#### Your assignment
Check each line below for the word "many", and copy those that have it.
===== Data for processing =====
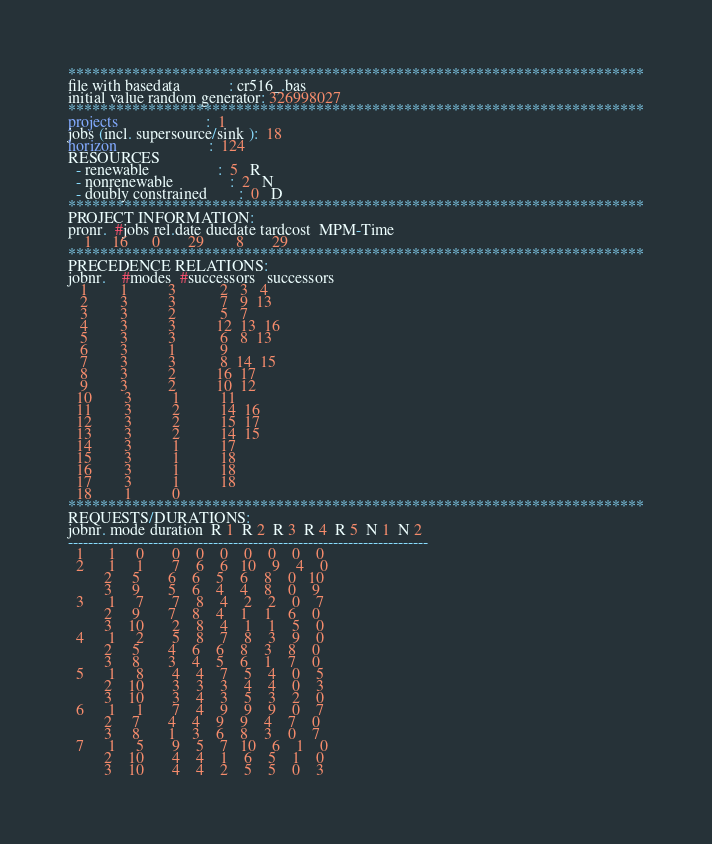<code> <loc_0><loc_0><loc_500><loc_500><_ObjectiveC_>************************************************************************
file with basedata            : cr516_.bas
initial value random generator: 326998027
************************************************************************
projects                      :  1
jobs (incl. supersource/sink ):  18
horizon                       :  124
RESOURCES
  - renewable                 :  5   R
  - nonrenewable              :  2   N
  - doubly constrained        :  0   D
************************************************************************
PROJECT INFORMATION:
pronr.  #jobs rel.date duedate tardcost  MPM-Time
    1     16      0       29        8       29
************************************************************************
PRECEDENCE RELATIONS:
jobnr.    #modes  #successors   successors
   1        1          3           2   3   4
   2        3          3           7   9  13
   3        3          2           5   7
   4        3          3          12  13  16
   5        3          3           6   8  13
   6        3          1           9
   7        3          3           8  14  15
   8        3          2          16  17
   9        3          2          10  12
  10        3          1          11
  11        3          2          14  16
  12        3          2          15  17
  13        3          2          14  15
  14        3          1          17
  15        3          1          18
  16        3          1          18
  17        3          1          18
  18        1          0        
************************************************************************
REQUESTS/DURATIONS:
jobnr. mode duration  R 1  R 2  R 3  R 4  R 5  N 1  N 2
------------------------------------------------------------------------
  1      1     0       0    0    0    0    0    0    0
  2      1     1       7    6    6   10    9    4    0
         2     5       6    6    5    6    8    0   10
         3     9       5    6    4    4    8    0    9
  3      1     7       7    8    4    2    2    0    7
         2     9       7    8    4    1    1    6    0
         3    10       2    8    4    1    1    5    0
  4      1     2       5    8    7    8    3    9    0
         2     5       4    6    6    8    3    8    0
         3     8       3    4    5    6    1    7    0
  5      1     8       4    4    7    5    4    0    5
         2    10       3    3    3    4    4    0    3
         3    10       3    4    3    5    3    2    0
  6      1     1       7    4    9    9    9    0    7
         2     7       4    4    9    9    4    7    0
         3     8       1    3    6    8    3    0    7
  7      1     5       9    5    7   10    6    1    0
         2    10       4    4    1    6    5    1    0
         3    10       4    4    2    5    5    0    3</code> 
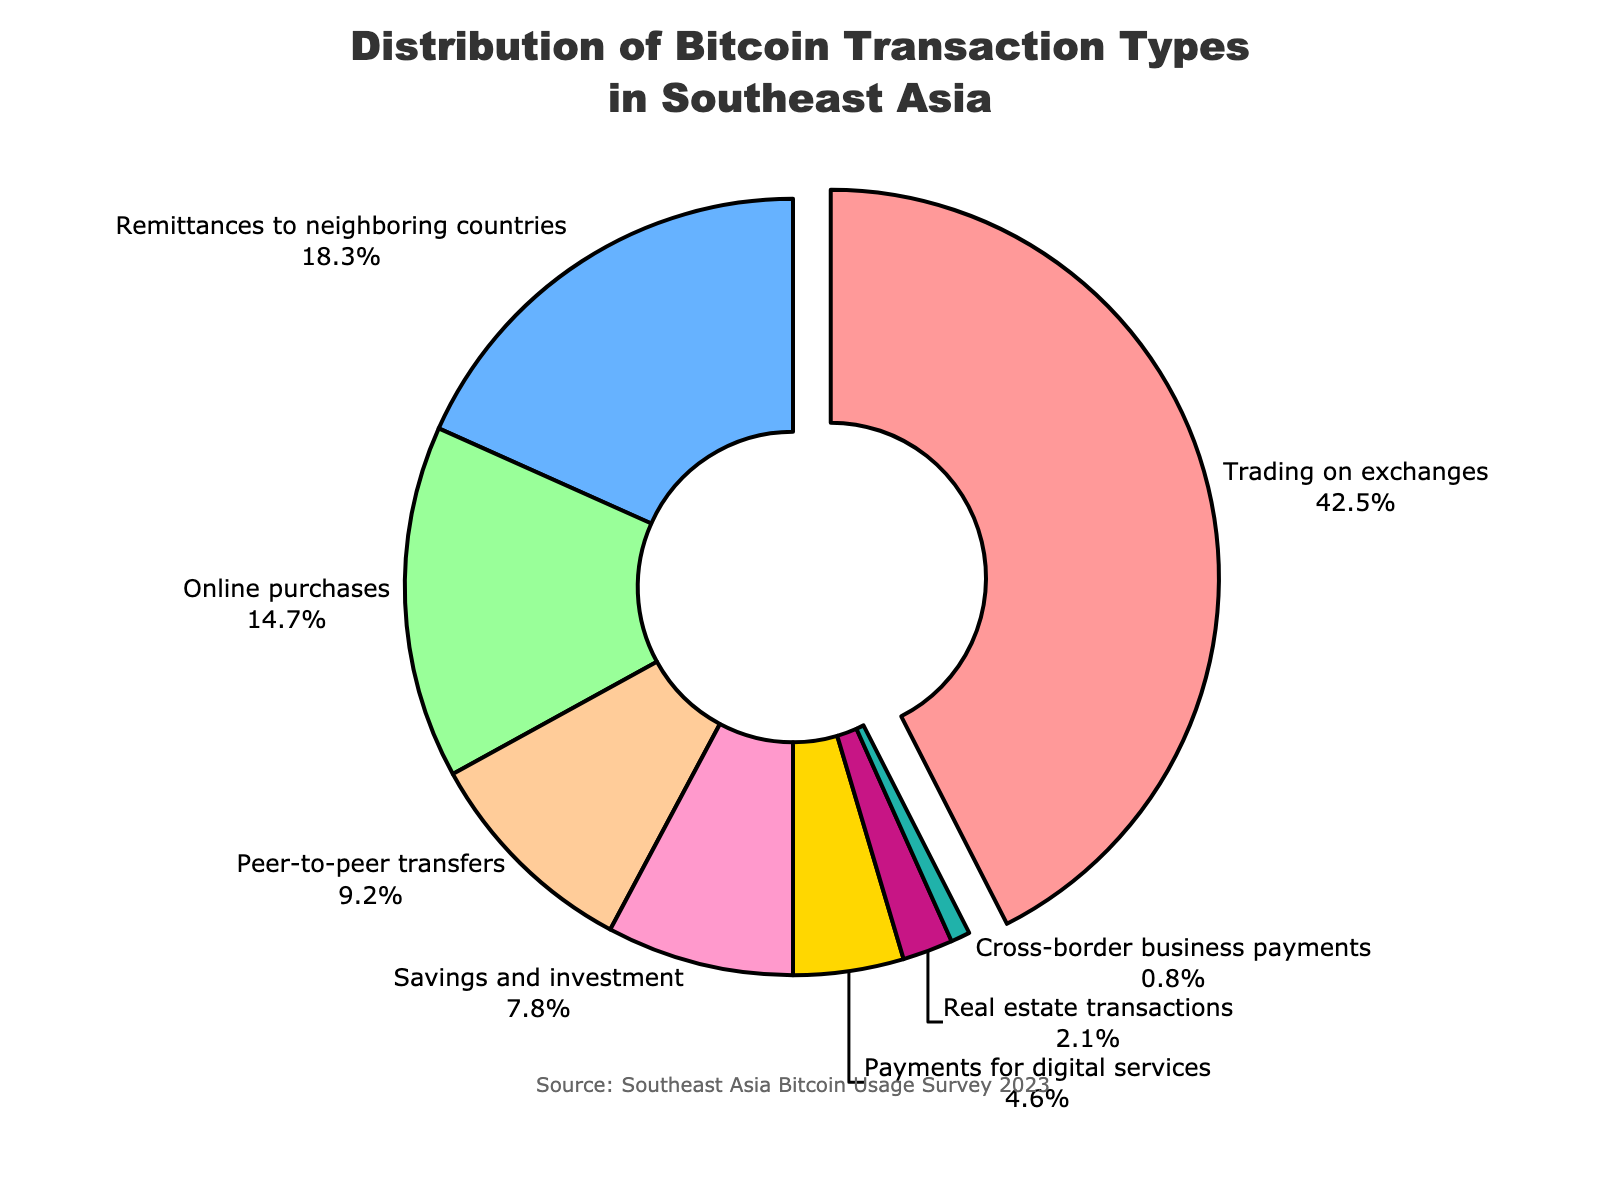What is the largest category of Bitcoin transactions in Southeast Asia? The figure shows a pie chart with different categories of Bitcoin transactions and their respective percentages. The largest slice represents the largest category. According to the chart, "Trading on exchanges" has the largest percentage at 42.5%.
Answer: Trading on exchanges What percentage of Bitcoin transactions is used for savings and investment in Southeast Asia? The figure has individual percentage values for each transaction type along with their labels. The slice labeled "Savings and investment" shows a percentage value, which is 7.8%.
Answer: 7.8% How much more common are trading transactions compared to online purchases in Southeast Asia? From the chart, we see that "Trading on exchanges" is 42.5% and "Online purchases" is 14.7%. By subtracting these values, the difference is 42.5% - 14.7% = 27.8%.
Answer: 27.8% Which categories together make up the majority (>50%) of Bitcoin transactions? The chart provides percentages for each category. Adding the largest percentages until the sum exceeds 50%: "Trading on exchanges" (42.5%) and "Remittances to neighboring countries" (18.3%) together sum to 60.8%, which is more than 50%.
Answer: Trading on exchanges and Remittances to neighboring countries What is the sum percentage of peer-to-peer transfers and payments for digital services? We can simply add the percentages for both categories. "Peer-to-peer transfers" is 9.2% and "Payments for digital services" is 4.6%. Adding these together gives 9.2% + 4.6% = 13.8%.
Answer: 13.8% Is cross-border business payments more or less common than real estate transactions? By examining the percentages provided in the chart, cross-border business payments have a percentage of 0.8%, while real estate transactions are at 2.1%. Cross-border business payments (0.8%) are less common than real estate transactions (2.1%).
Answer: Less What percentage of transactions are used for purposes other than trading on exchanges and remittances to neighboring countries? First, find the sum of the percentages for "Trading on exchanges" and "Remittances to neighboring countries," which is 42.5% + 18.3% = 60.8%. Then, subtract this from 100% to find the percentage for other purposes: 100% - 60.8% = 39.2%.
Answer: 39.2% What color is the slice representing online purchases in the pie chart? The customized colors in the pie chart have been assigned in a visible and distinguishable manner. According to the ordering in the pie chart, the slice for "Online purchases" is colored in green.
Answer: Green 
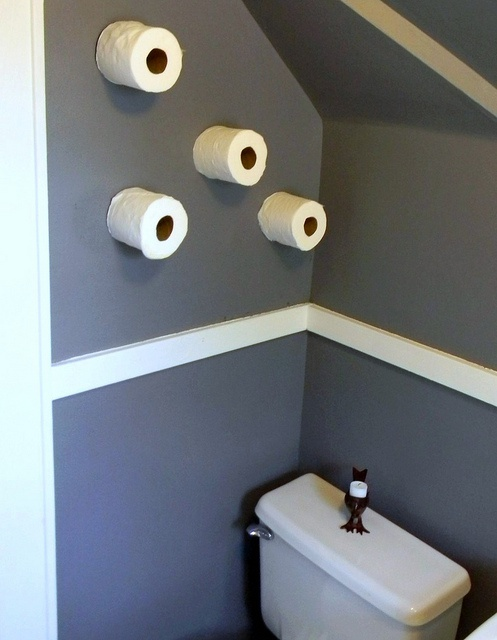Describe the objects in this image and their specific colors. I can see a toilet in ivory, darkgray, and gray tones in this image. 
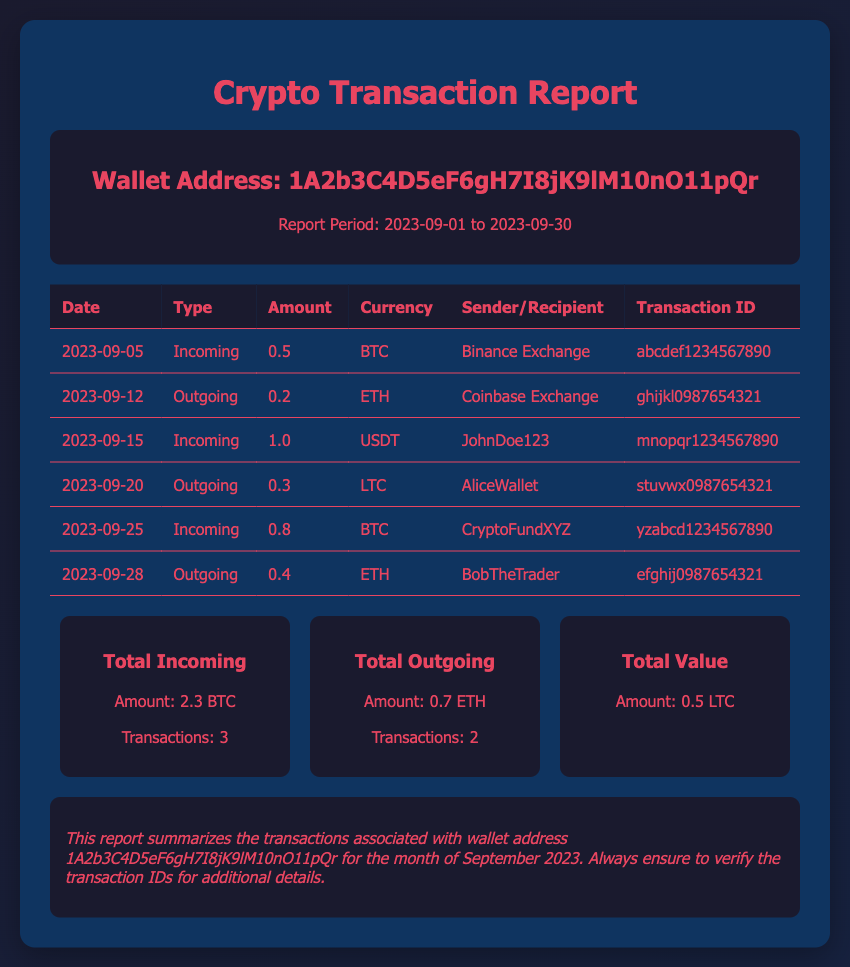What is the wallet address? The wallet address is specific to the report and is provided in the document's header section.
Answer: 1A2b3C4D5eF6gH7I8jK9lM10nO11pQr What is the total incoming amount? The total incoming amount can be calculated by summing all incoming transactions listed in the report.
Answer: 2.3 BTC How many outgoing transactions are reported? The number of outgoing transactions can be found by counting the entries labeled as outgoing in the transaction table.
Answer: 2 What type of currency was received on 2023-09-15? The transaction details for this date specify the type of currency received, which is listed under the "Currency" column.
Answer: USDT What is the transaction ID for the outgoing transaction on 2023-09-12? The transaction ID is provided next to each transaction entry, making it easy to retrieve.
Answer: ghijkl0987654321 Who was the recipient in the outgoing transaction on 2023-09-20? The recipient's information is listed in the transaction details under the "Sender/Recipient" column.
Answer: AliceWallet How many total transactions occurred during the month? The total number of transactions can be calculated by counting all entries in the transaction table.
Answer: 6 What is the date of the last incoming transaction? The last incoming transaction can be identified by checking the dates in the transactions table.
Answer: 2023-09-25 
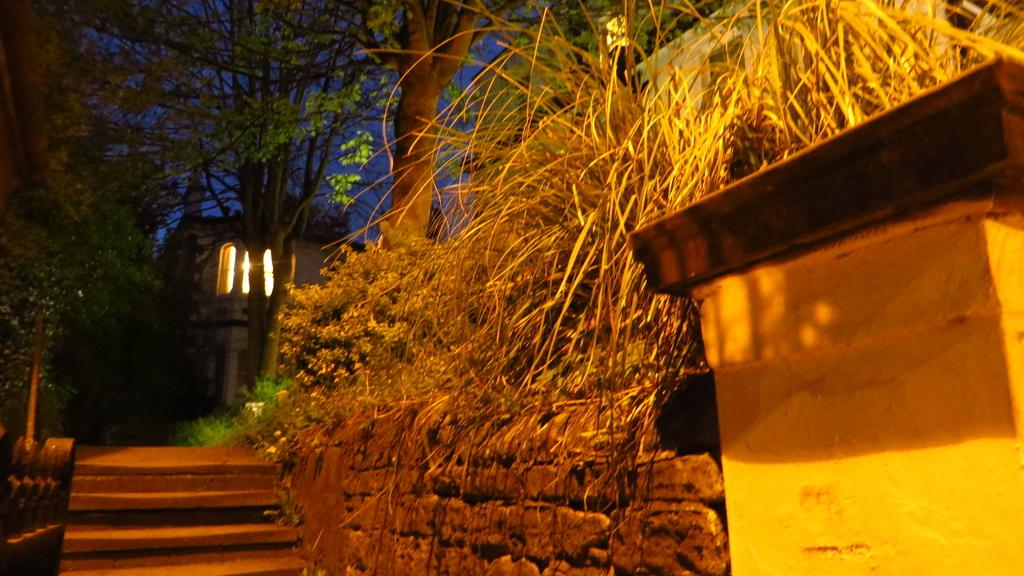What type of structure can be seen in the image? There is a wall in the image. Are there any architectural features associated with the wall? Yes, there are steps on either side of the wall. What can be seen near the steps? There are trees near the steps. What is visible in the background of the image? There is a house in the background of the image. Where is the scarecrow playing volleyball in the image? There is no scarecrow or volleyball present in the image. What type of jewel can be seen on the wall in the image? There is no jewel present on the wall in the image.
=====
#### Written solution
Answer: 2.3 BTC How many outgoing transactions are reported? The number of outgoing transactions can be found by counting the entries labeled as outgoing in the transaction table.
Answer: AliceWallet How many total transactions occurred during the month? The total number of transactions can be calculated by counting all entries in the transaction table.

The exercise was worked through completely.